**Exercise description**
Retype, without pictures, the line holding "Define an oriented" and each line below it through the final line.

[Excerpted records Boundary: Start]

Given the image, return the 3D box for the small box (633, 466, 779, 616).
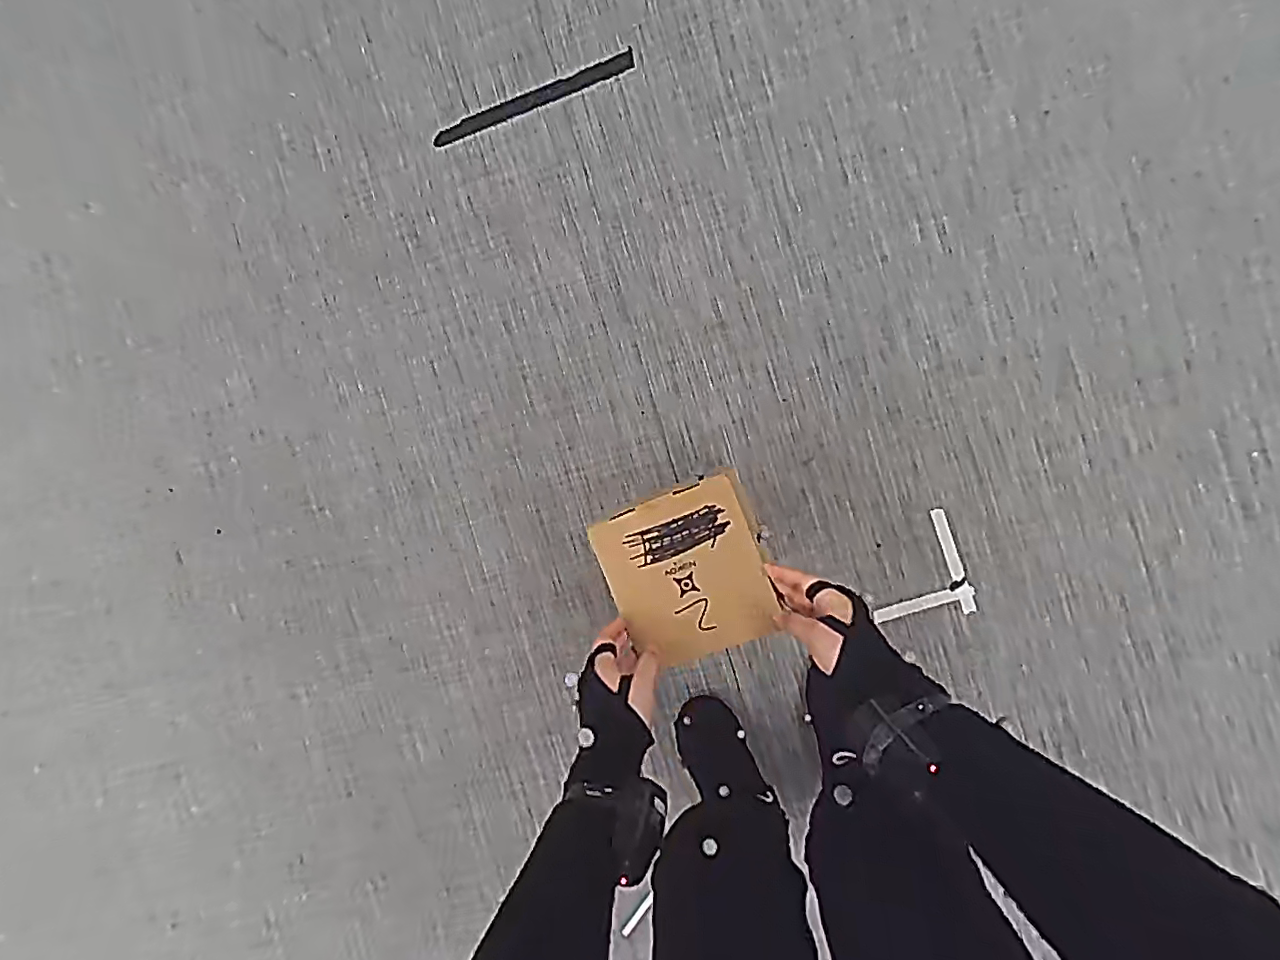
[{"bbox_3d":[0.097,0.085,0.828,0.168,0.176,0.179,-18,90,7],"label":"small box"}]
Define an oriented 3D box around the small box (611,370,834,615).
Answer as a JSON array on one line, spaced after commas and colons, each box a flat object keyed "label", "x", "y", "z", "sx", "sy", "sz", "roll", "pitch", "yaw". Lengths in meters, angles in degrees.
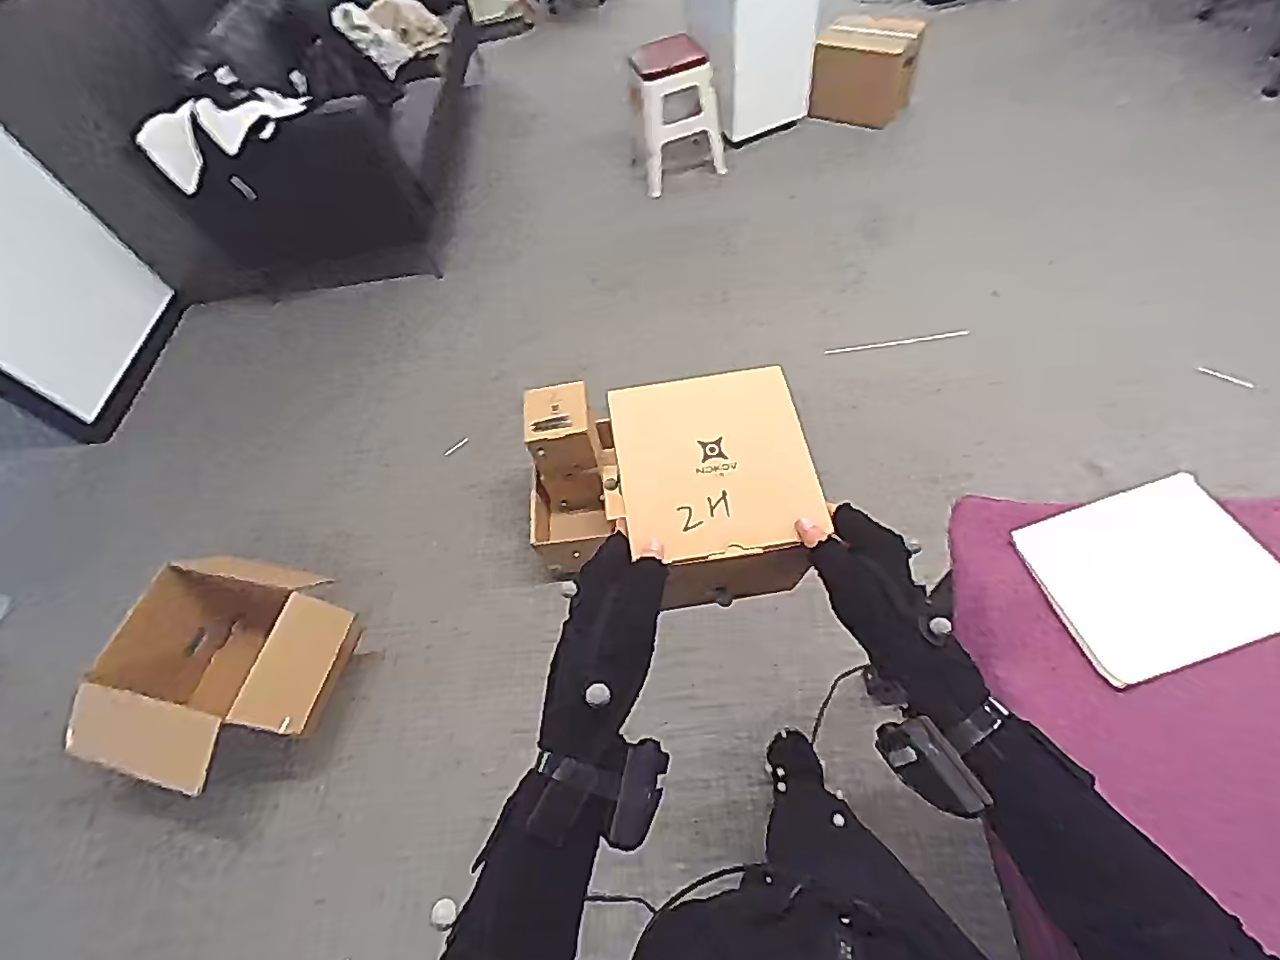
[{"label": "small box", "x": 0.065, "y": 0.019, "z": 0.533, "sx": 0.168, "sy": 0.176, "sz": 0.179, "roll": -8, "pitch": 64, "yaw": -1}]

[Excerpted records Boundary: End]

**Reply to the exercise**
Define an oriented 3D box around the small box (611,370,834,615).
Answer as a JSON array on one line, spaced after commas and colons, each box a flat object keyed "label", "x", "y", "z", "sx", "sy", "sz", "roll", "pitch", "yaw". Lengths in meters, angles in degrees.
[{"label": "small box", "x": 0.065, "y": 0.019, "z": 0.533, "sx": 0.168, "sy": 0.176, "sz": 0.179, "roll": -8, "pitch": 64, "yaw": -1}]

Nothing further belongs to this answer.